En lo que respecta a su gestión, la tragedia de Valencia empieza como una crisis de comunicación. Las autoridades no detectan la magnitud del desastre y, por tanto, no lo comunican en tiempo y forma a los ciudadanos, que en su mayoría hacen vida normal el día en el que más se tendrían que haber extremado las medidas de seguridad. Pero la catástrofe del 29 de octubre es mucho más que una crisis de comunicación. Refleja una profunda crisis institucional y de legitimidad política y social, con momentos de tensión inéditos, como los insultos y ataques a los reyes, a Pedro Sánchez y a Carlos Mazón el pasado domingo. Es cierto que el rey Felipe VI y la reina Letizia dieron la cara como representantes de un Estado que llegaba mal y tarde al fatídico lugar de los hechos. Su presencia allí, qué duda cabe, fue una apuesta arriesgada, pero demostraron una entereza y una empatía con los ciudadanos admirables. Sonroja, por otro lado, tener que decir que, por muchas que sean las diferencias con un determinado presidente de Gobierno, aplaudir a los violentos que atacaron a Pedro Sánchez y a su comitiva es algo que solo puede hacerse desde las posiciones políticas más ignominiosas. Como dijo el rey, España es una democracia. Hay líneas que simplemente no se pueden traspasar.

¿En qué piensan los grandes partidos? Su principal responsabilidad es asegurar nuestra convivencia

En cualquier caso, lo que sí parece que es un castigo de Dios (o de la Pachamama, si lo prefieren) es la polarización de alto voltaje a la que nos someten desde hace años nuestros representantes políticos. Día a día, juegan con fuego con esos discursos incendiarios manufacturados en sus war rooms; los inflaman a través de sus huestes digitales en esos parques temáticos de la crispación que son las redes sociales; deterioran sistemáticamente las instituciones que más celosamente deberían proteger, como la prensa y el poder judicial, que son esenciales en cualquier democracia liberal. Y cuando realmente vienen mal dadas, como en Valencia, acusan cara de sorpresa porque las cosas no fluyen bien. Pero antes de la terrible tormenta, hubo un trabajo muy persistente de lluvia fina para dividir a los españoles. De hecho, los muros que los políticos han levantado son tan fuertes que ni siquiera esta maldita DANA los ha podido derribar. El otro día, un amigo a quien considero un tipo sensato y educado me confesaba que ya no trata con gente que tenga otra ideología y otra forma de pensar. Todo ese ruido y esa furia acumulados son el caldo de cultivo idóneo para populistas y abanderados de la antipolítica. Y es así como España se asoma hoy al fantasma del Estado fallido.

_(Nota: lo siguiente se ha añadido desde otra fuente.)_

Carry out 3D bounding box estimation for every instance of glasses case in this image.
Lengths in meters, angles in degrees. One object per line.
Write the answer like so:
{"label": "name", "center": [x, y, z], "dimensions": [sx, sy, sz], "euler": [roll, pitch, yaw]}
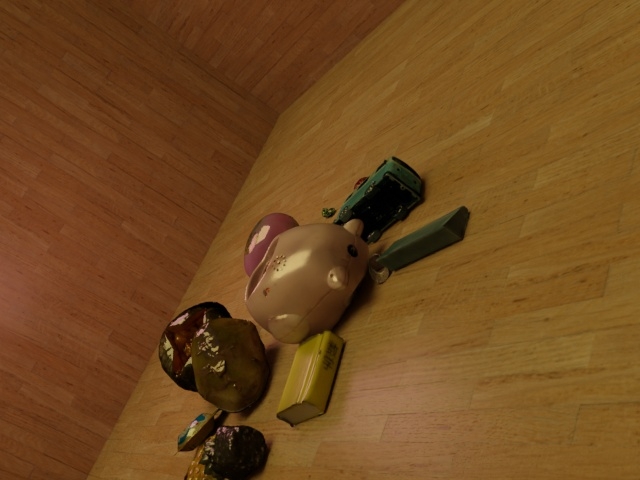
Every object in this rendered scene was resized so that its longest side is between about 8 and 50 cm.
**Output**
{"label": "glasses case", "center": [0.257, 0.003, 1.706], "dimensions": [0.105, 0.056, 0.266], "euler": [-39, 5, -37]}

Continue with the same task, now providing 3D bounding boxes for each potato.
{"label": "potato", "center": [-0.299, 0.369, 2.138], "dimensions": [0.246, 0.196, 0.300], "euler": [-28, 38, 9]}

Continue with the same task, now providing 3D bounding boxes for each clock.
{"label": "clock", "center": [-0.040, 0.101, 1.956], "dimensions": [0.376, 0.250, 0.368], "euler": [-40, 23, 42]}

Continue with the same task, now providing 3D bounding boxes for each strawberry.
{"label": "strawberry", "center": [0.156, -0.152, 2.150], "dimensions": [0.106, 0.106, 0.106], "euler": [-48, 20, 24]}

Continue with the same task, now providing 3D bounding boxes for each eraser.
{"label": "eraser", "center": [-0.026, 0.354, 1.790], "dimensions": [0.158, 0.069, 0.226], "euler": [-40, 24, 47]}

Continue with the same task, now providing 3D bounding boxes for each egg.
{"label": "egg", "center": [-0.177, 0.029, 2.545], "dimensions": [0.271, 0.196, 0.196], "euler": [-70, 19, -3]}

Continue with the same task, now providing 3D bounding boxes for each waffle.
{"label": "waffle", "center": [-0.350, 0.696, 2.076], "dimensions": [0.291, 0.051, 0.291], "euler": [-48, 18, 21]}

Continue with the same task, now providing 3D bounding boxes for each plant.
{"label": "plant", "center": [-0.236, 0.574, 1.868], "dimensions": [0.194, 0.129, 0.132], "euler": [-33, 27, 44]}

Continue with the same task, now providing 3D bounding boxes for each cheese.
{"label": "cheese", "center": [-0.379, 0.601, 2.261], "dimensions": [0.270, 0.069, 0.177], "euler": [-45, -3, -6]}

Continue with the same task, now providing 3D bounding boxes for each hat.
{"label": "hat", "center": [0.162, 0.074, 1.842], "dimensions": [0.058, 0.042, 0.087], "euler": [-47, 54, 25]}

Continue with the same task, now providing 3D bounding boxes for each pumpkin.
{"label": "pumpkin", "center": [-0.419, 0.380, 2.429], "dimensions": [0.320, 0.192, 0.320], "euler": [-11, 59, 18]}

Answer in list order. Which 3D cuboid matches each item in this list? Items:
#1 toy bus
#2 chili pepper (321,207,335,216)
{"label": "toy bus", "center": [0.172, -0.125, 1.993], "dimensions": [0.271, 0.133, 0.165], "euler": [-42, 18, 43]}
{"label": "chili pepper", "center": [0.025, -0.102, 2.499], "dimensions": [0.034, 0.030, 0.091], "euler": [-35, 15, -17]}

Vienen tiempos duros. Toca unir fuerzas para dignificar a las víctimas, acompañarlas en el duelo y en esta larga travesía, devolver a miles de personas sus hogares, reconstruir las calles y que esas ciudades vuelvan a latir. España es un país solidario y no hay duda de que vamos a estar con Valencia hasta el final. ¿Pero qué pasa con nuestros representantes públicos? ¿Y con los grandes partidos que están llamados a asegurar la convivencia y acometer una suerte de nueva transición? ¿Serán capaces de una maldita vez de reformarse ellos mismos y abandonar ese marco político que han importado de los movimientos populistas y que se basa en la constante crispación? ¿Dejarán de erosionar esas instituciones que creamos entre todos y que son absolutamente fundamentales para el futuro de cualquier democracia liberal?

Mientras reconstruimos Valencia, mucho me temo que eso es lo que está por ver.